Limitations & Future Work¶
- Query grouping relies on predicted span distances, which may be inaccurate during early training and thus affect grouping quality.
- Frame-level alignment in GLB uses simple cosine similarity; more sophisticated alignment strategies may yield further improvements.
- Validation is limited to video temporal grounding; generalization to other DETR-based tasks has not been explored.
- The IoU prediction head introduces additional parameters and computation, which may be a concern in resource-constrained settings.
Related Work & Insights¶
- The query ranking strategy from EASE-DETR inspired QGR, but directly using predicted scores for ranking is ineffective in TSG.
- The baseline loss design from Moment DETR provides a standard framework for TSG.

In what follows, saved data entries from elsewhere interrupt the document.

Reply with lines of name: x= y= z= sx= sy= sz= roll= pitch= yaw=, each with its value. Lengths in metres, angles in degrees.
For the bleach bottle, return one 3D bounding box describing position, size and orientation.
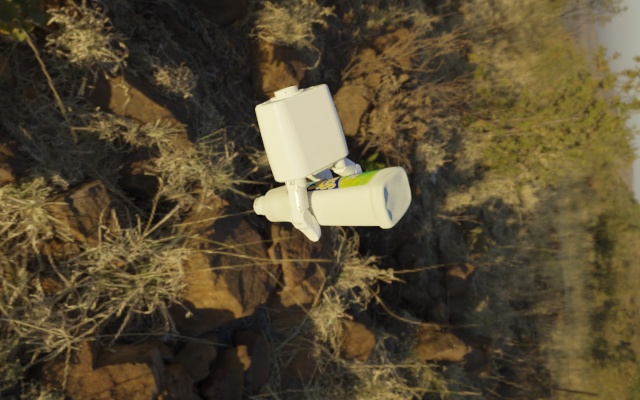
bleach bottle: x=0.000 y=0.002 z=0.708 sx=0.251 sy=0.068 sz=0.102 roll=-6 pitch=19 yaw=33
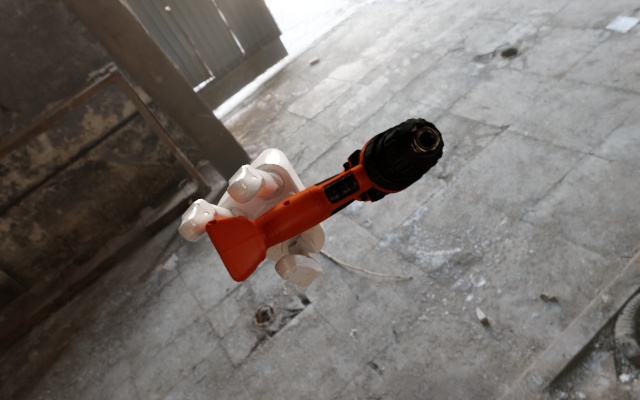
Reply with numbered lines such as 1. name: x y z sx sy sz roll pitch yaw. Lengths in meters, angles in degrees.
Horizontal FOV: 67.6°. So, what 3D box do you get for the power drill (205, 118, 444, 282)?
1. power drill: 0.000 0.002 0.404 0.187 0.057 0.184 -27 -4 -12
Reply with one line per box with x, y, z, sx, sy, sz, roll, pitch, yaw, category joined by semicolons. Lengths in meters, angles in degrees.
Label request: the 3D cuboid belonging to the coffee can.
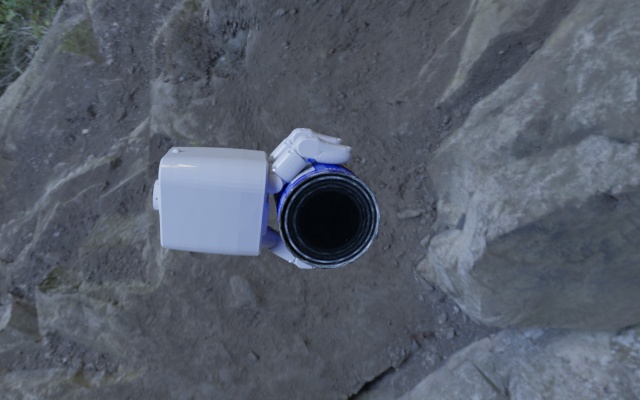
0.000;0.002;0.539;0.103;0.103;0.140;0;16;-8;coffee can

- The analysis of "semantically similar but spatially distinct target segments" in TSG may generalize to analogous multi-instance detection scenarios.
Rating¶
- Novelty: ⭐⭐⭐⭐⭐ The diagnostic analysis is exceptionally thorough, uncovering fundamental issues in applying DETR to TSG.
- Experimental Thoroughness: ⭐⭐⭐⭐⭐ Comprehensively outperforms prior work on three benchmarks, with multiple backbones, detailed ablations, and visual analyses.
- Writing Quality: ⭐⭐⭐⭐⭐ The "diagnose-then-treat" narrative structure is very clear, with analysis and validation tightly integrated.
- Value: ⭐⭐⭐⭐⭐ Provides a simple yet effective strong baseline for DETR-based TSG with broad methodological implications.